- **What to work on**
Return exactly those lines of the material below that fall between the line holding "HFOV 60.0°." and the line holding "6) person (1092, 71, 1142, 266)", inclusive.

---

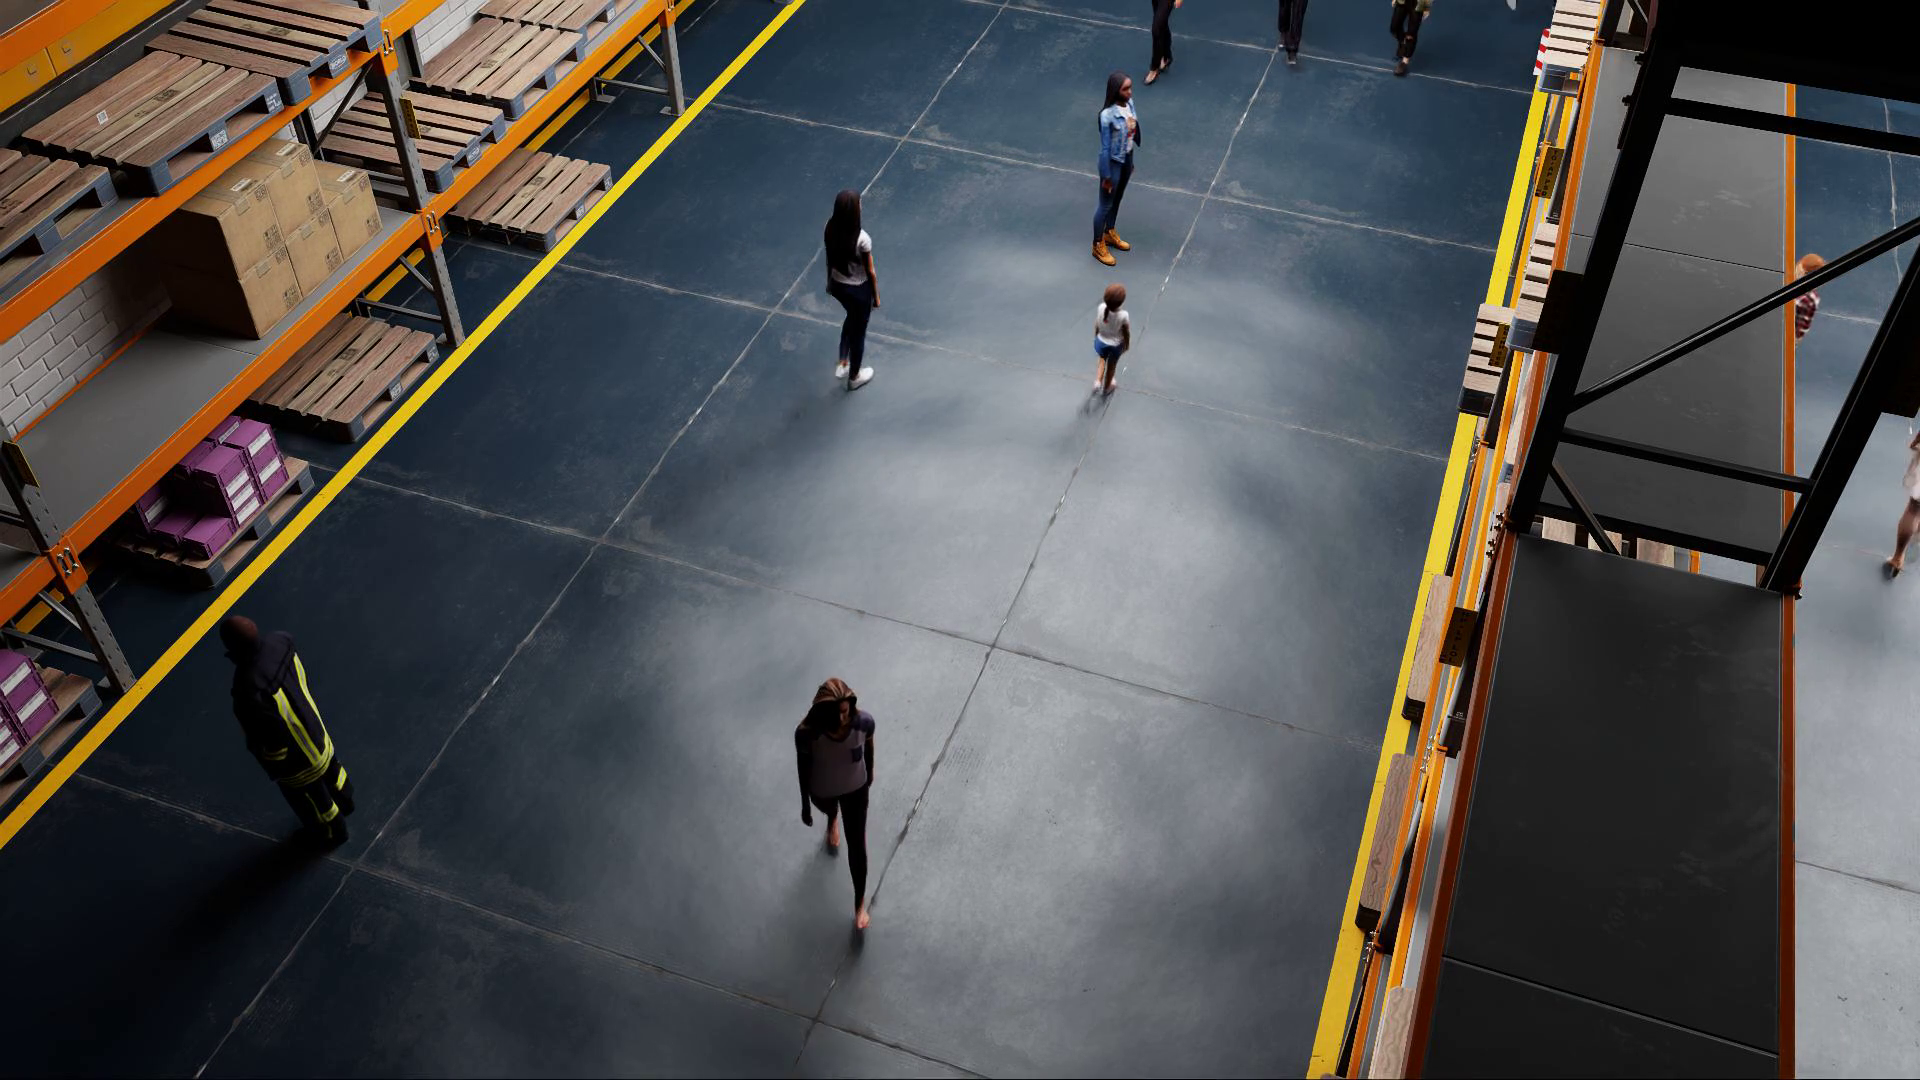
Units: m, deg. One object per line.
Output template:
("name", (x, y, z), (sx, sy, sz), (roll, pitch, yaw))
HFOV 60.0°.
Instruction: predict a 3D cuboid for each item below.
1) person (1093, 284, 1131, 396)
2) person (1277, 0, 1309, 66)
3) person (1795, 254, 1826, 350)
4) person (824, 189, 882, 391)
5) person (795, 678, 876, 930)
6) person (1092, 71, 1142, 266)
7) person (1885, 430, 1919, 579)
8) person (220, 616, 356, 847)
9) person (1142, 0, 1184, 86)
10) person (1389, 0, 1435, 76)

---

- **Response area**
HFOV 60.0°.
Instruction: predict a 3D cuboid for each item below.
1) person (1093, 284, 1131, 396)
2) person (1277, 0, 1309, 66)
3) person (1795, 254, 1826, 350)
4) person (824, 189, 882, 391)
5) person (795, 678, 876, 930)
6) person (1092, 71, 1142, 266)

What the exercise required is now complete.